Numerical results for snaking of patterns over patterns in some 2D Selkov-Schnakenberg Reaction-Diffusion systems

TL;DR

This paper numerically investigates pattern-embedded-in-pattern structures in 2D reaction-diffusion systems, revealing snaking and non-snaking behaviors linked to bistability and energy differences, using bifurcation analysis and Ginzburg-Landau approximation.

Contribution

It provides the first detailed numerical analysis of embedded pattern branches and their snaking behavior in 2D reaction-diffusion systems, utilizing continuation methods and Ginzburg-Landau reduction.

Findings

Some branches exhibit snaking behavior in parameter space.

Non-snaking branches are associated with narrow bistable ranges.

Examples of fully localized patterns embedded in patterns are provided.

Abstract

For a Selkov--Schnakenberg model as a prototype reaction-diffusion system on two dimensional domains we use the continuation and bifurcation software pde2path to numerically calculate branches of patterns embedded in patterns, for instance hexagons embedded in stripes and vice versa, with a planar interface between the two patterns.
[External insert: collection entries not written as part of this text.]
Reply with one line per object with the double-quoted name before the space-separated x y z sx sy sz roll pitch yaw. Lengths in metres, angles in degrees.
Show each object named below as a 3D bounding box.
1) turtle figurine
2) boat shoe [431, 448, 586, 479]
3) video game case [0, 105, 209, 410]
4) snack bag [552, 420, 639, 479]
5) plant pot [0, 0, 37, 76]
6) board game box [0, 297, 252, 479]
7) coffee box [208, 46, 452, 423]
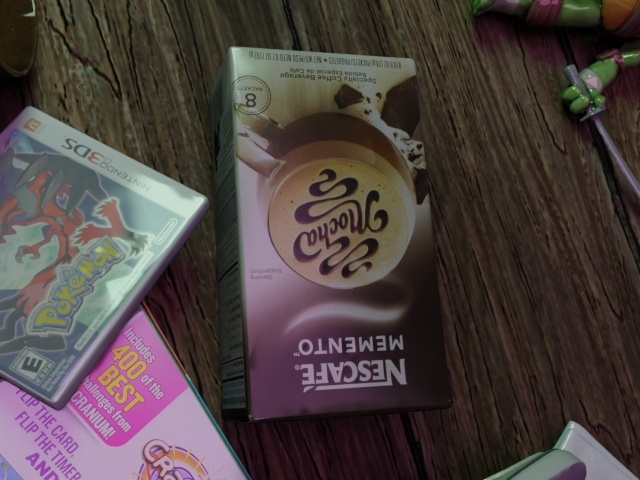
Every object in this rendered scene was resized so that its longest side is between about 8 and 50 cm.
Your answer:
"turtle figurine" 0.299 -0.223 0.749 0.266 0.198 0.275 21 69 -7
"boat shoe" 0.103 0.249 0.638 0.267 0.088 0.096 -34 132 -13
"video game case" -0.217 0.003 0.592 0.183 0.023 0.201 27 62 9
"snack bag" 0.273 0.396 0.682 0.342 0.037 0.323 41 69 -4
"plant pot" -0.361 -0.215 0.561 0.230 0.215 0.216 -9 80 -4
"board game box" -0.212 0.226 0.561 0.316 0.064 0.242 -31 87 -21
"coffee box" 0.000 0.000 0.647 0.168 0.119 0.298 -1 78 -17
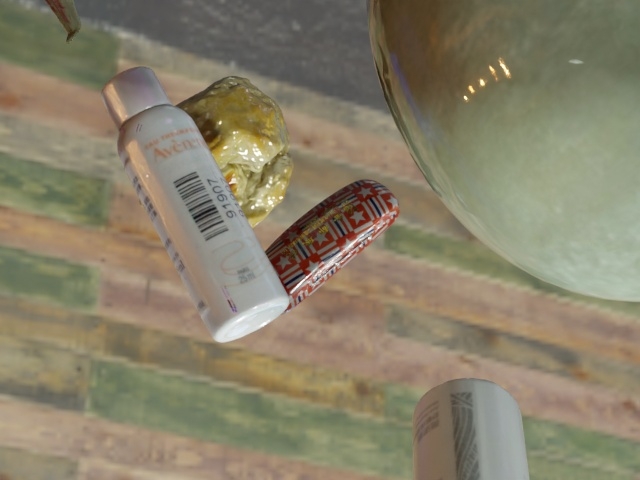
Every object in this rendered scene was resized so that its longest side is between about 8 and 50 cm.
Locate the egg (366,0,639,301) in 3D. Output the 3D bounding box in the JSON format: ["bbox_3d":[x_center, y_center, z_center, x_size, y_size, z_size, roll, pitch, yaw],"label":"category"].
[{"bbox_3d":[0.161,-0.122,0.869,0.258,0.352,0.258,-11,139,-10],"label":"egg"}]

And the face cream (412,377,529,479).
[{"bbox_3d":[0.122,0.254,1.104,0.101,0.346,0.102,1,124,2],"label":"face cream"}]

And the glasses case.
[{"bbox_3d":[0.000,0.000,1.579,0.194,0.073,0.049,-41,148,-14],"label":"glasses case"}]

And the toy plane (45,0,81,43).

We use the Ginzburg-Landau reduction to approximate the locations of these branches by Maxwell points for the associated Ginzburg-Landau system. For our basic model, some but not all of these branches show a snaking behaviour in parameter space, over the given computational domains. The (numerical) non-snaking behaviour appears to be related to too narrow bistable ranges with rather small Ginzburg-Landau energy differences. This claim is illustrated by a suitable generalized model. Besides the localized patterns with planar interfaces we also give a number of examples of fully localized atterns over patterns, for instance hexagon patches embedded in radial stripes, and fully localized hexagon patches over straight stripes.